The patient’s regenerative potential is dependent on age. The concentration of progenitor cells in human blood decreases with age [4]. Furthermore, aging typically leads to impaired angiogenesis and local immunity is altered due to lack of growth factors, increased neutrophil invasion and higher number of mature macrophages. Levels of TGF-β in wounds of elderly are, like fetal, markedly reduced, which is possibly related to reduced scarring with age [35]. Next to regeneration potential, the rate at which the scaffold degrades may also be age-specific due to variations in cell availability.

Any chronic disease which affects the cardio-respiratory system may adversely affect the supply of oxygen and other nutrients required for wound healing. Although hypoxia is one of the chemoattractants for neutrophils and macrophages, oxygen is needed for their optimal function and to allow phagocytosis. Oxygen is also essential for collagen deposition as it acts as a substrate in the hydroxylation of proline and lysine residues. Smoking affects oxygen partial pressures and causes more wound healing complications and it is likely that smoking may also affect immune function and collagen deposition [90].

The use of diseased cells or tissues in humanized animal models or in vitro model systems [89] may aid in gaining insight in the effects of comorbidities on valve regeneration.

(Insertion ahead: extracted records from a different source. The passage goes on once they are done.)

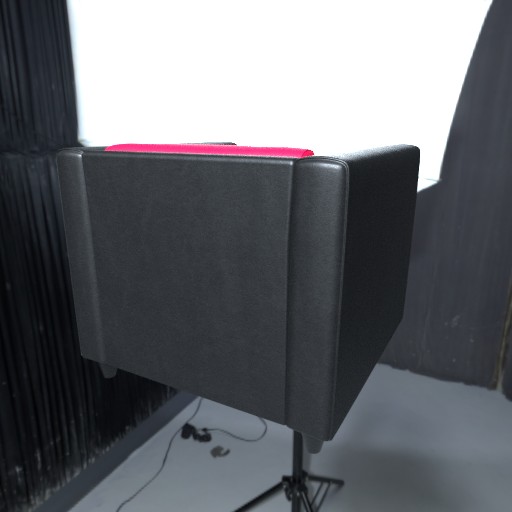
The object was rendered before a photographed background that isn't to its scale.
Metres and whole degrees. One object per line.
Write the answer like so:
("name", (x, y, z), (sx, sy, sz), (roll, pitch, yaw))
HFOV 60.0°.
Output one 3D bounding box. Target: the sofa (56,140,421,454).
("sofa", (0.000, 0.000, 1.446), (0.839, 0.724, 0.809), (9, 18, 28))
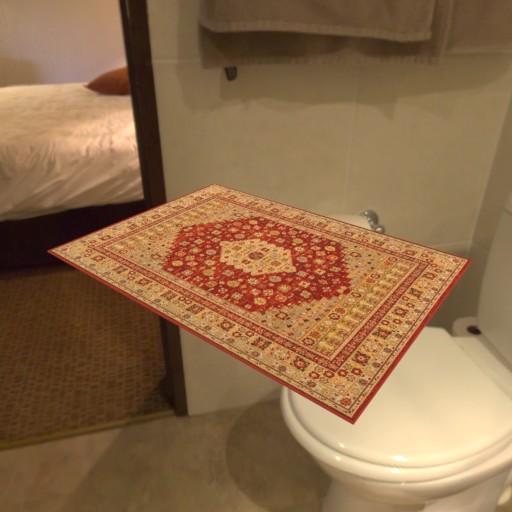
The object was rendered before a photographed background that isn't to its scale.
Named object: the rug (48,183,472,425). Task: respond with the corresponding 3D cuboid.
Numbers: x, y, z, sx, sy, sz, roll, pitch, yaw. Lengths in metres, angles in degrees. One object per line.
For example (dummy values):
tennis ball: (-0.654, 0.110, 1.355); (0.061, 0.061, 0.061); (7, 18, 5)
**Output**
rug: (0.000, 0.000, 2.839); (2.211, 0.013, 1.593); (21, 36, 33)
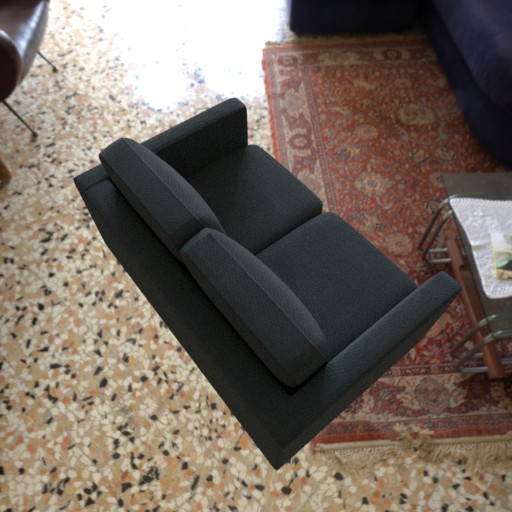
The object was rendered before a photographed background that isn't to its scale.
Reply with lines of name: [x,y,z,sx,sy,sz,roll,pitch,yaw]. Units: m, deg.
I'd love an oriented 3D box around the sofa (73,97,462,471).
sofa: [0.000,0.000,2.128,0.999,0.930,1.518,-34,64,-20]
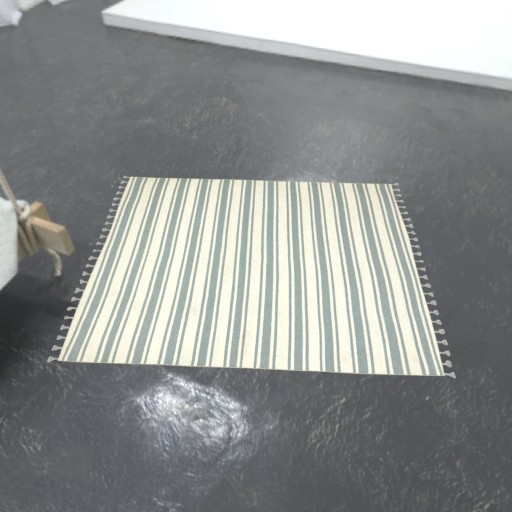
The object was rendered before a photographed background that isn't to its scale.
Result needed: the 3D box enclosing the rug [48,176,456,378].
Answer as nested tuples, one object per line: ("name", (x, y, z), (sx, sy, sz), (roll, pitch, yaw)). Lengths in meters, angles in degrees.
("rug", (0.000, 0.000, 4.266), (3.201, 0.005, 2.439), (2, 46, 2))
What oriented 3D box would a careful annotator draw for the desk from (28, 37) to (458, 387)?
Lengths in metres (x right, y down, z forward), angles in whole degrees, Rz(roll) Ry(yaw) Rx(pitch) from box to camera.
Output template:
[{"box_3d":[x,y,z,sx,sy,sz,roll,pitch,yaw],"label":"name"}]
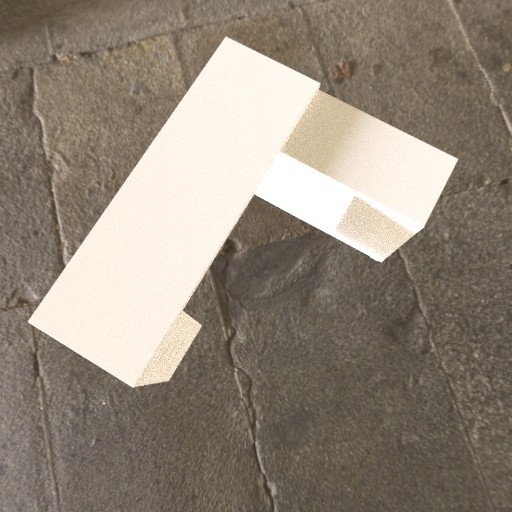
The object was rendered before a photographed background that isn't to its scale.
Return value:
[{"box_3d":[0.000,0.000,2.203,1.199,0.759,1.524,29,78,7],"label":"desk"}]
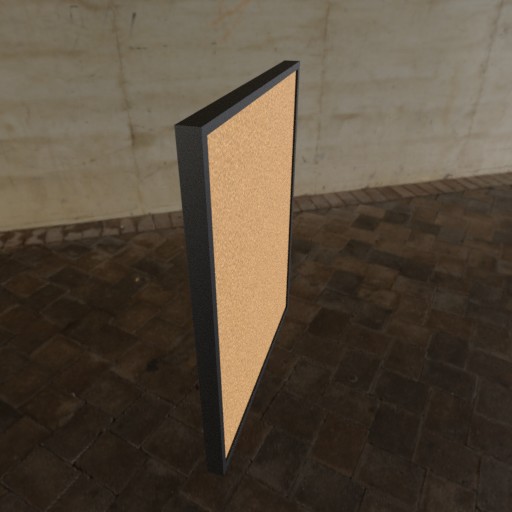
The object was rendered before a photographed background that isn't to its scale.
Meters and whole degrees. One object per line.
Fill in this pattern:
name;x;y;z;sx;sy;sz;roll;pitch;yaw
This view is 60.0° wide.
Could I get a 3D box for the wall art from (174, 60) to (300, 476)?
wall art;0.000;0.000;0.758;0.029;0.559;0.457;9;32;14
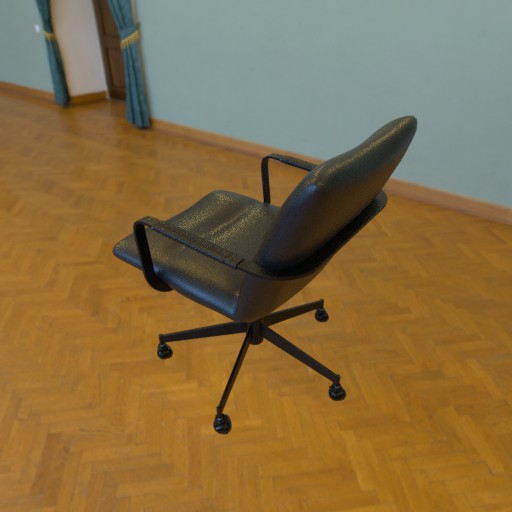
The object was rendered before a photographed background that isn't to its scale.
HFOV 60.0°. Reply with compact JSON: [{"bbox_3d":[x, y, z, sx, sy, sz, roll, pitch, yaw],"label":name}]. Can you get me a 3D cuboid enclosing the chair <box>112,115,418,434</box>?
[{"bbox_3d":[0.000,0.000,1.457,0.748,0.922,0.719,21,38,29],"label":"chair"}]
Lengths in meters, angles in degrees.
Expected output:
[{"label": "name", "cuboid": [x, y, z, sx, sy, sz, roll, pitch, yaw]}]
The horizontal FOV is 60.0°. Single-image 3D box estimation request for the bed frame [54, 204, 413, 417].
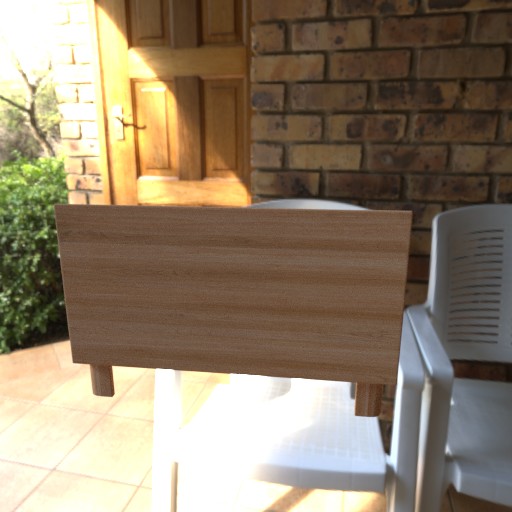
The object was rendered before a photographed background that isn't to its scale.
[{"label": "bed frame", "cuboid": [0.000, 0.000, 2.861, 1.472, 0.940, 1.992, 2, 15, 7]}]

6.4. Patient heterogeneity

In vivo remodeling of tissue engineered heart valves displays considerable variability among patients, owing to biological heterogeneity among individuals in physiological tissue remodeling potential [5]. This heterogeneity could be a result of mutations or polymorphisms in key proteins central to ECM synthesis and remodeling [2]. The goal is to understand and potentially control human variation in different facets of biomaterial-tissue interaction and the healing process by developing robust or even patient-tailored scaffolds.

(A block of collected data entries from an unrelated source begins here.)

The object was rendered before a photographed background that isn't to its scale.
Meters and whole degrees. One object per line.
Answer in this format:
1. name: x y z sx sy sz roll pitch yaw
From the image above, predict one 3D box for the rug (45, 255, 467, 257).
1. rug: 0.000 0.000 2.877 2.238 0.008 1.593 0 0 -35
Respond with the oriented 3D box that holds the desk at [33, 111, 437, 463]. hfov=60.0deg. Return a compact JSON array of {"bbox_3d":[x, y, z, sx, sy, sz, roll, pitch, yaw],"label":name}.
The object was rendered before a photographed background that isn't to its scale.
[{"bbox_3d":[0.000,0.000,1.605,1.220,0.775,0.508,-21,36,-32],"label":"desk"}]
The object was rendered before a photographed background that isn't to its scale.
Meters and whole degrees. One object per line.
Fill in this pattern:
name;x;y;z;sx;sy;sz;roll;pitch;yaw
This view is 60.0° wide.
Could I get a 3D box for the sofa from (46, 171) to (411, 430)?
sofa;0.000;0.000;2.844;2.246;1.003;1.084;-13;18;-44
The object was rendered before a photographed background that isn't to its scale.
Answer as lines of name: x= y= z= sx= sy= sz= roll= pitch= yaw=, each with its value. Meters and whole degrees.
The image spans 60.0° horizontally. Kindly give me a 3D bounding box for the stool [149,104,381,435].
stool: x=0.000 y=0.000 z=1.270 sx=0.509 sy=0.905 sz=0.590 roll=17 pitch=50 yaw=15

To cope with patient-to-patient heterogeneity, an important issue in tissue engineering of aortic heart valves will be the real-time noninvasive and non-destructive assessment of mechanical properties both in vitro and in vivo to ensure tissue quality and function [5]. The challenge here is to find appropriate methodologies to evaluate the evolving structural remodeling and functionality, especially in a noninvasive manner so that the valve can be followed over time [5]. One way of approaching this issue is developing imaging modalities and discovering new biomarkers of inflammation which would help further understanding of inflammatory diseases and discerning events related to inflammation in heart valve tissue-engineered implants [12]. When applied to engineered heart valves, developed biomarkers should correlate directly with success and failure in order to generate outcome measurements, such as laboratory assays or imaging results that substitute for and reflect the mechanism of a significant clinical event or characteristic, e.g. stenosis, calcification, or infection [5]. An important consideration is whether calcification, the major pathologic process in valve degeneration, will be problematic. Evidence suggests that calcification may not be a major problem as long as the scaffold is ultimately resorbed and/or not intrinsically mineralizable, the interstitial cells are viable, and the ECM is capable of remodeling [5].

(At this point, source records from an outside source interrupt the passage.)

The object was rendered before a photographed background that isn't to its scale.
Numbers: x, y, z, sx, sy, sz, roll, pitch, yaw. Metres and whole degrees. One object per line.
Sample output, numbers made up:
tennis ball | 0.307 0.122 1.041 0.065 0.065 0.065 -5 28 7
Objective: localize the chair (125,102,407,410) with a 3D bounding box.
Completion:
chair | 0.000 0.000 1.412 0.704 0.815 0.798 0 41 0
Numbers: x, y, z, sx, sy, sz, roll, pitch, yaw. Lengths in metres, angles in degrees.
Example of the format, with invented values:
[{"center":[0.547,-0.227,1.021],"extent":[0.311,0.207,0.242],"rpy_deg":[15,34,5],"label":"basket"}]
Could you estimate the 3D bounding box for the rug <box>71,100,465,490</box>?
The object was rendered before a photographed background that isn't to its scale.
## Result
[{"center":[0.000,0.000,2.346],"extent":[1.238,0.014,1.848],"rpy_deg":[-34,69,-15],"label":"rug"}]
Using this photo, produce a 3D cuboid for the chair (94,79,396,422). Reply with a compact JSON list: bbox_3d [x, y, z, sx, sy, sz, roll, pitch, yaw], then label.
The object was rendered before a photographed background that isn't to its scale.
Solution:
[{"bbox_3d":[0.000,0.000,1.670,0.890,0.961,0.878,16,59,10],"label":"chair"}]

For the translation from bench to bed, there must be understanding of the mechanisms involved and development of biomarkers, assays and tools for the assessment of valve regeneration. Surrogate and true endpoints must be defined to characterize and assure the quality of the tissue constructs, and predict outcomes as early as possible [5]. Key targets for characterizing tissue-engineered constructs include tissue composition, cellular gene expression and phenotype, ECM, and other key effectors of tissue remodeling and tissue quality [5].